One day, I get smiling hello's. The next day, I get ignored (more from girls than guys). There is no consistency. Not only that, but nobody gives me a reason. If I enter the most minor of conflicts, the other person cuts me out of their life for good (again, more girls than guys). I get the feeling that I have to live up to a different standard than everyone else.

Do you have any tips or advice on how to strengthen bonds and, well, get people to like me for an extended period of time?


----------



## Haven49 (Jun 16, 2013)

You sound, all in all, like a very healthy, stable person.  This is good, exceptional for where you are. 

It's good that you have some close friends...this shows you that can have long-lasting relationships with people  

Hold on to your morals and standards. In today's world, sometimes people of different standards might conflict with you, and perhaps you with them.

There are other people like you out there, and one day you'll meet them  I think that the problem right now lies less with yourself and more with the inconsistencies of these people that you are trying to bond with, or at least thats my opinion.

Keep being yourself, and focusing on liking yourself instead of trying to please others!


----------



## darcy111 (Jul 8, 2013)

People don't usually decide to turn a cold shoulder randomly, you might want to take a closer look at how you are handling yourself or ask your close friends if they have any input on why people distance themselves from you. I'm not trying to accuse you of being at fault, I could be very wrong!

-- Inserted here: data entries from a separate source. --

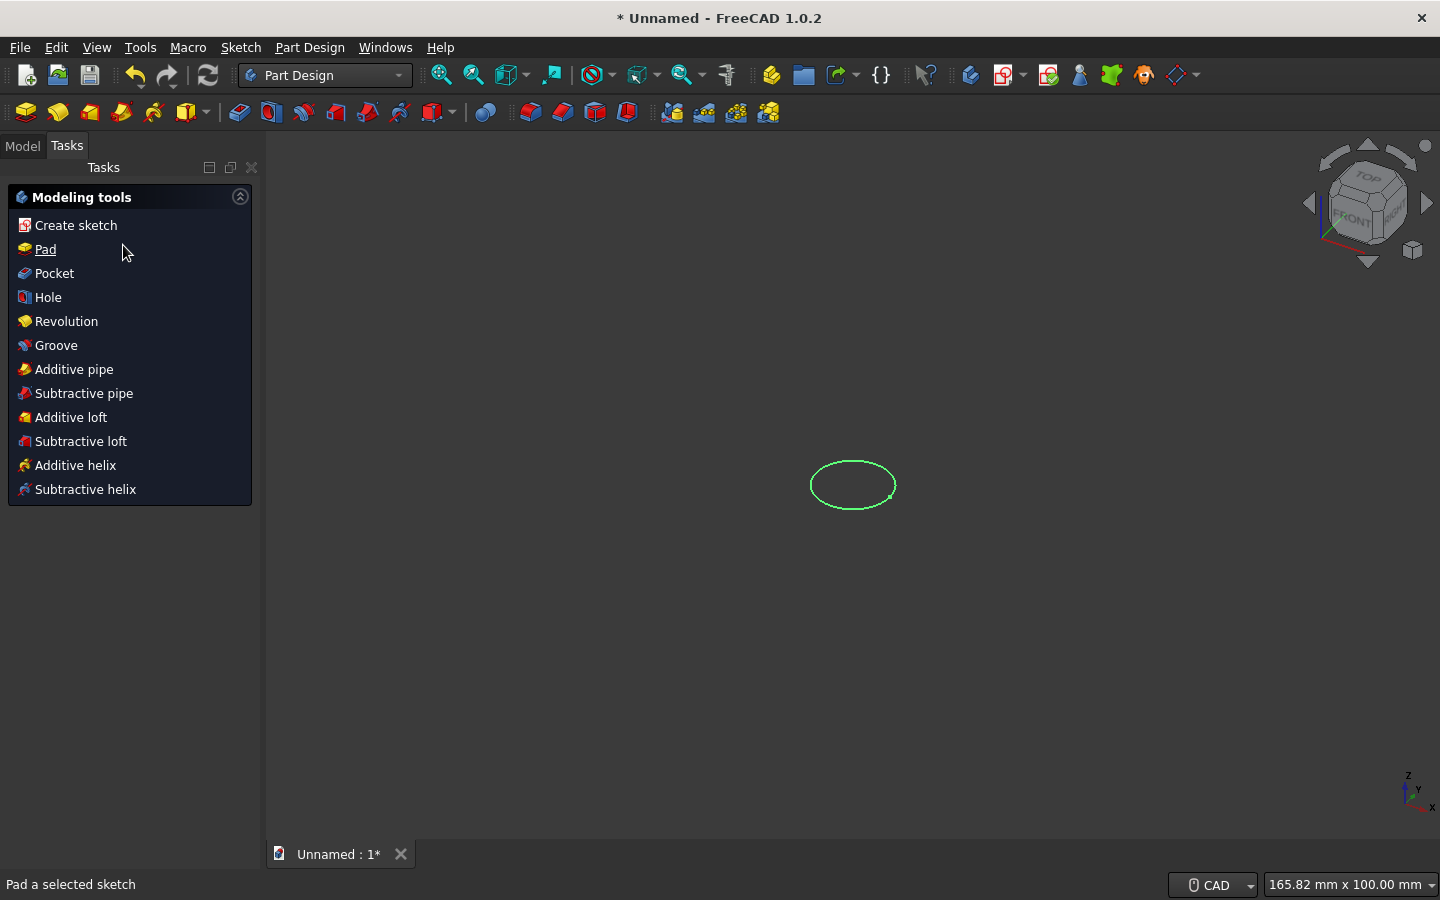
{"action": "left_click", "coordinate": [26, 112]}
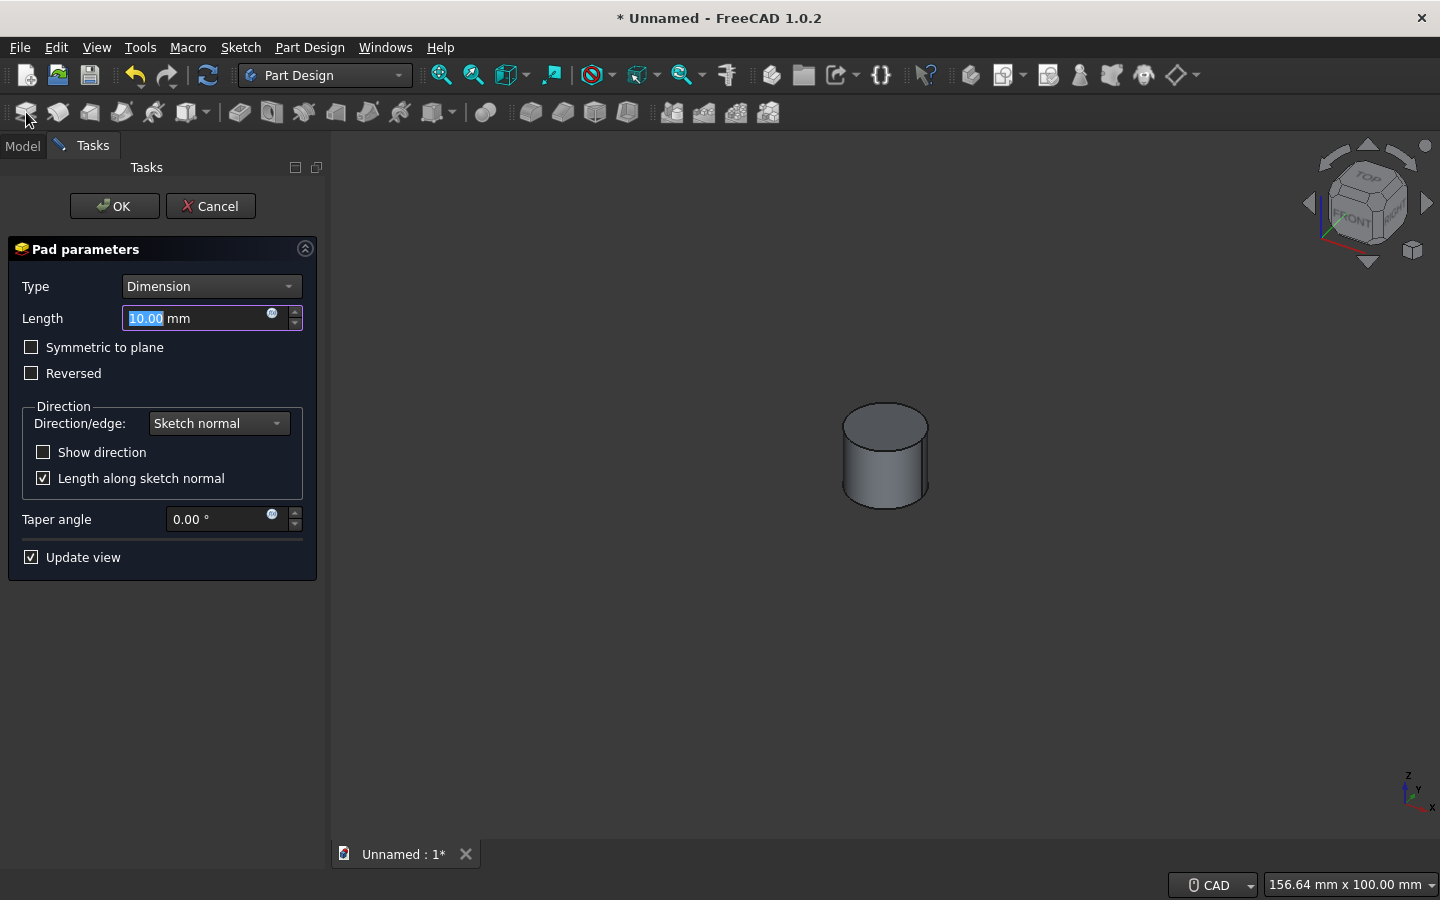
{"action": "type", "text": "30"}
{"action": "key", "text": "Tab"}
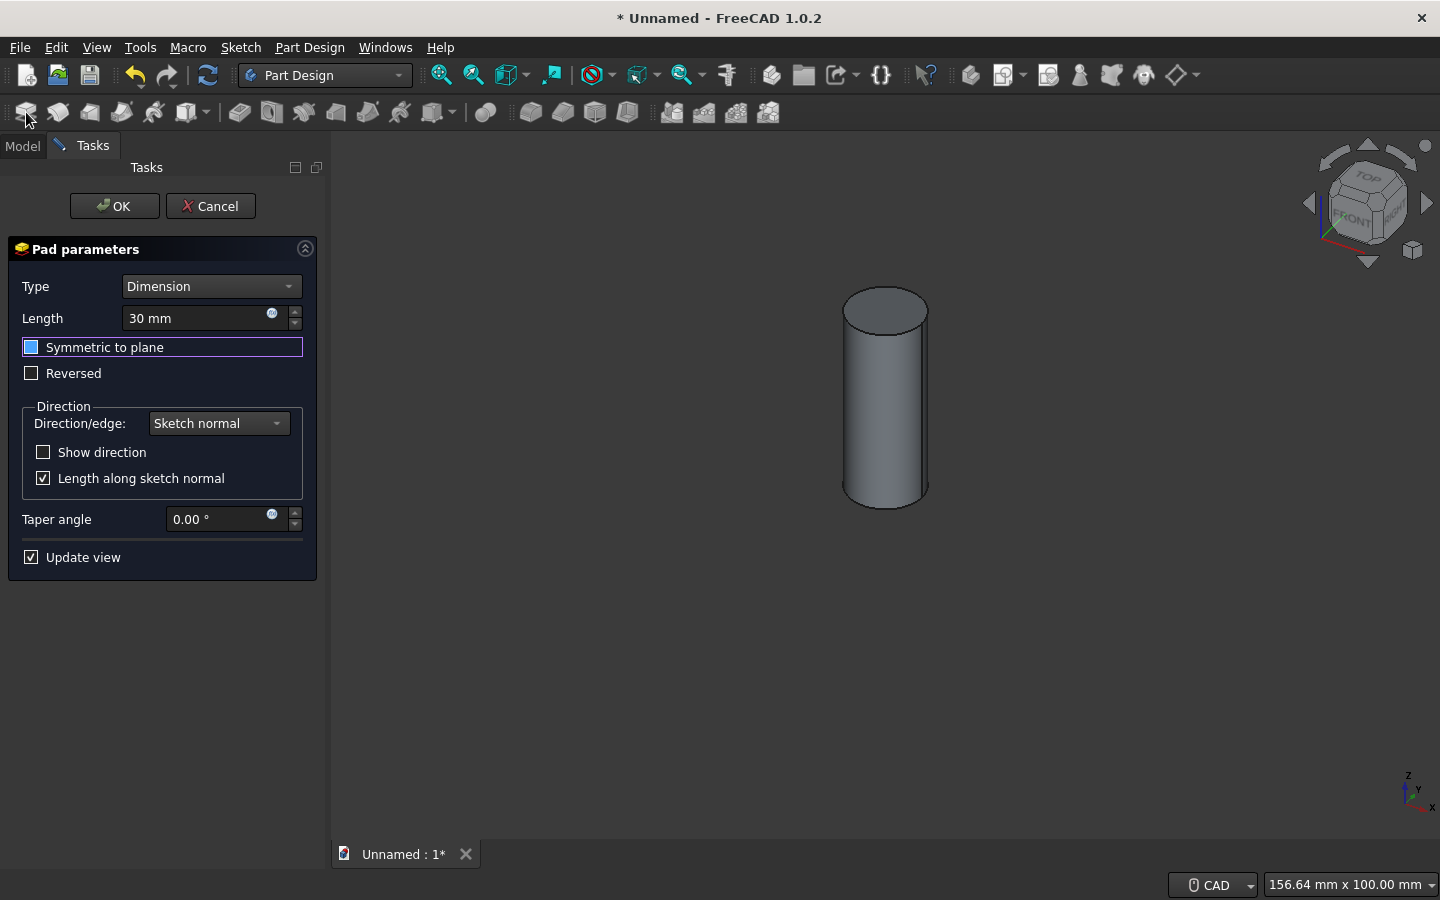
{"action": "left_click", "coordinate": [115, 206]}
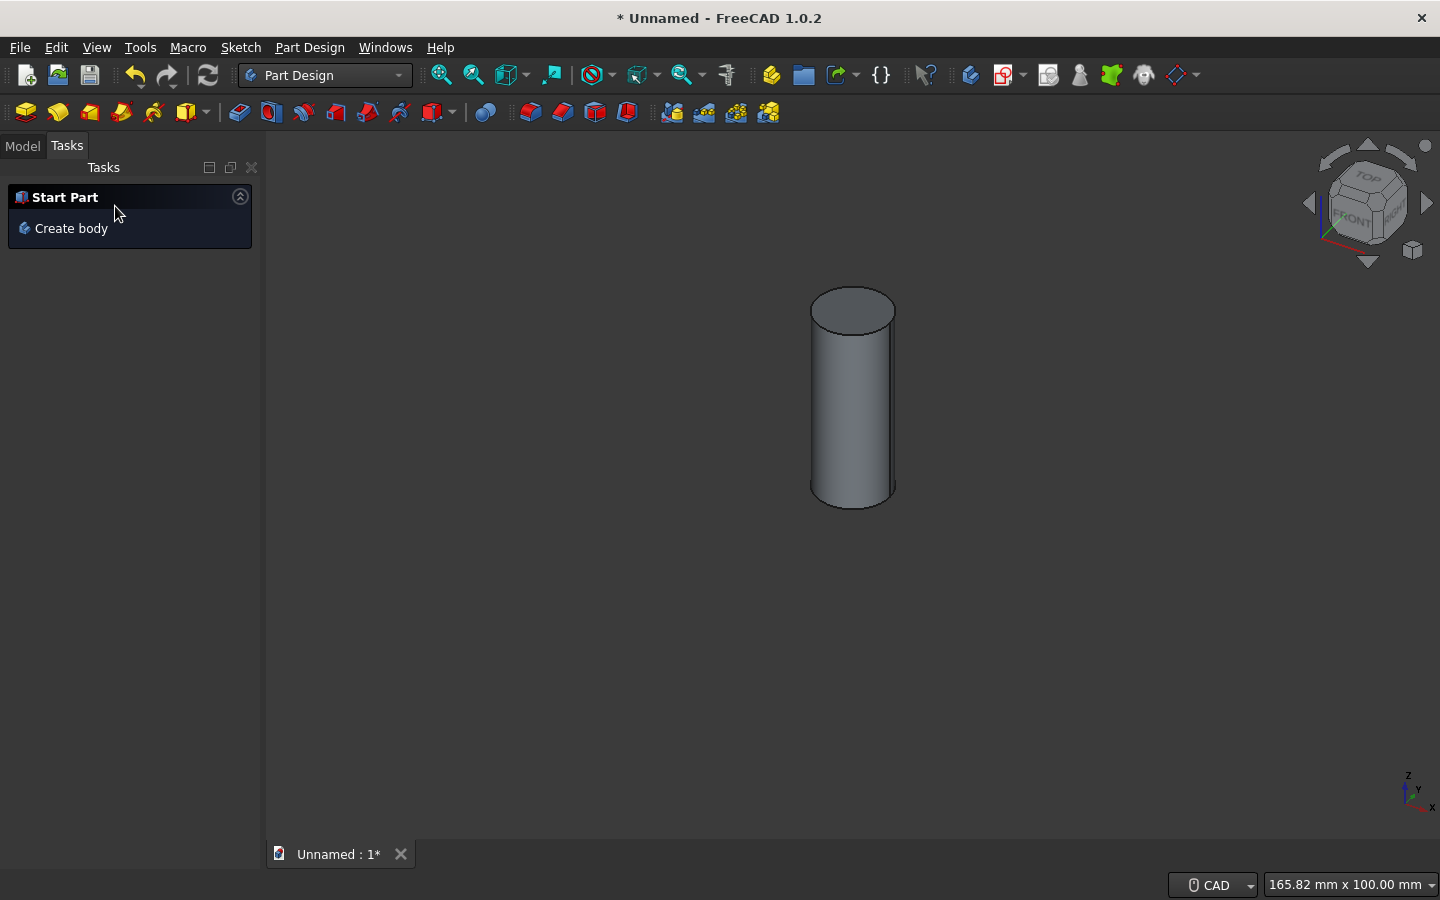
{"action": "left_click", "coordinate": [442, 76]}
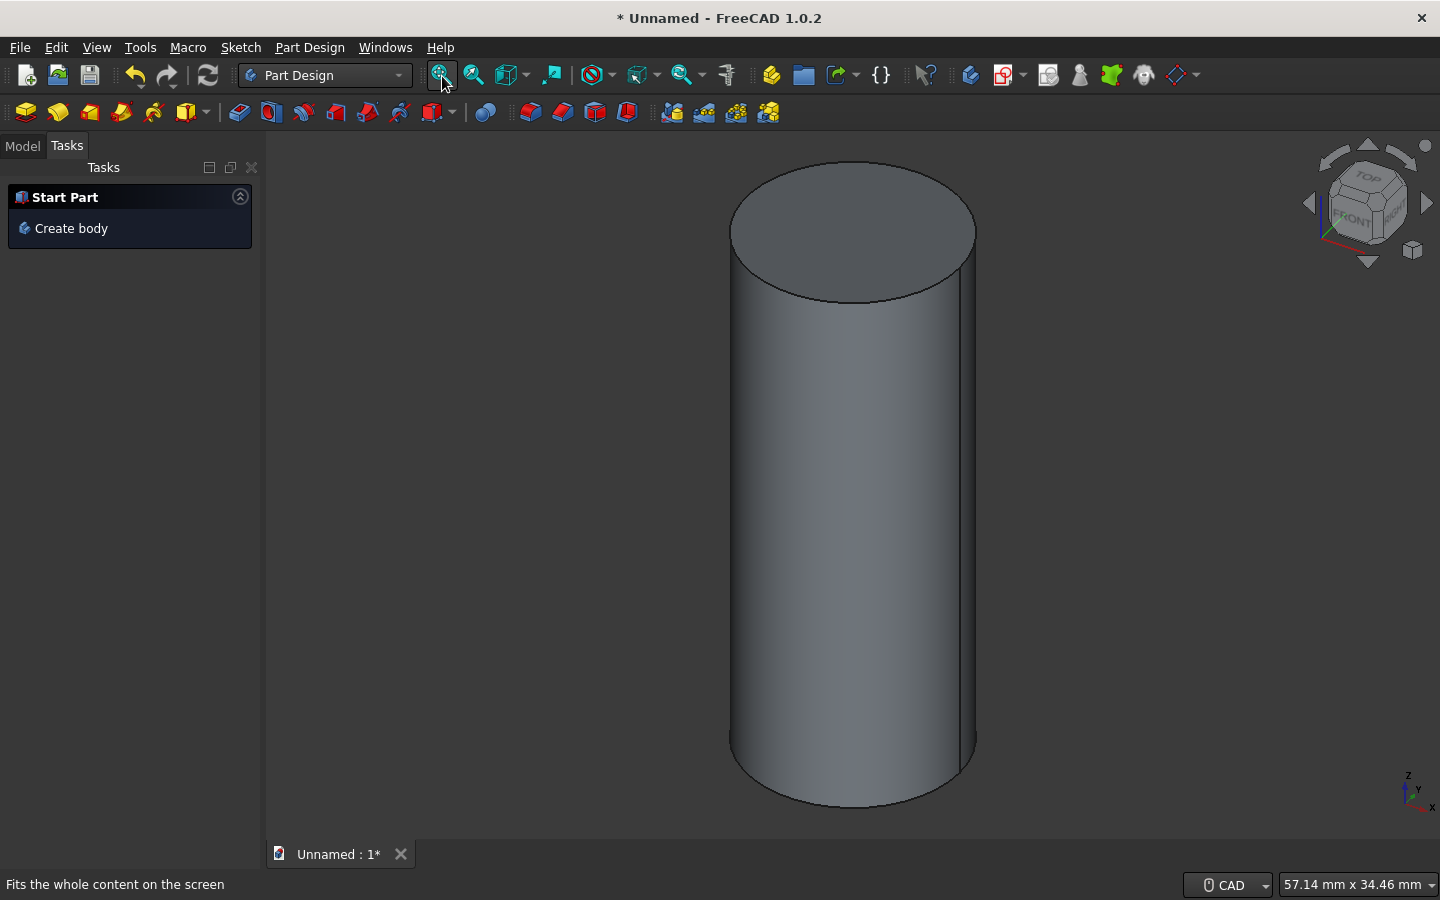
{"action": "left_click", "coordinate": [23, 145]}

But if you are starting to notice a pattern of reactions from people, it might be that you are doing something and don't realize it's causing people to react negatively.


----------



## War Machine (Jul 10, 2013)

darcy111 said:


> People don't usually decide to turn a cold shoulder randomly, you might want to take a closer look at how you are handling yourself or ask your close friends if they have any input on why people distance themselves from you. I'm not trying to accuse you of being at fault, I could be very wrong! But if you are starting to notice a pattern of reactions from people, it might be that you are doing something and don't realize it's causing people to react negatively.


I do notice the pattern. However, my close friends haven't pinpointed a specific problem. One theory I had - and I mentioned this in another post - is people sense a Napoleon Complex.

I'm not tall (5'7"-5'8"), but am considered buff while also being outgoing and confident. Perhaps people think I'm overcompensating for something (when I'm not)?


----------



## darcy111 (Jul 8, 2013)

War Machine said:


> I do notice the pattern. However, my close friends haven't pinpointed a specific problem. One theory I had - and I mentioned this in another post - is people sense a Napoleon Complex.
> 
> I'm not tall (5'7"-5'8"), but am considered buff while also being outgoing and confident. Perhaps people think I'm overcompensating for something (when I'm not)?


If what you think about the napolean complex is true, you might just be coming on too strong. When you are meeting new people, try to make an effort to be a little more laid back. You want to make sure you don't make people feel pressure from you especially in the beginning. It could be that one of the ways you deal with anxiety is social situations is by over-sharing or talking to fill any awkward silence (i really don't know). Try and relax, maybe sit back and just let things happen without over exerting yourself.

My best advise when meeting new people is to just be nice. It's the best default move. Also, when meeting girls it's good to leave a little mystery as to who you are! Leaving them wondering a little


----------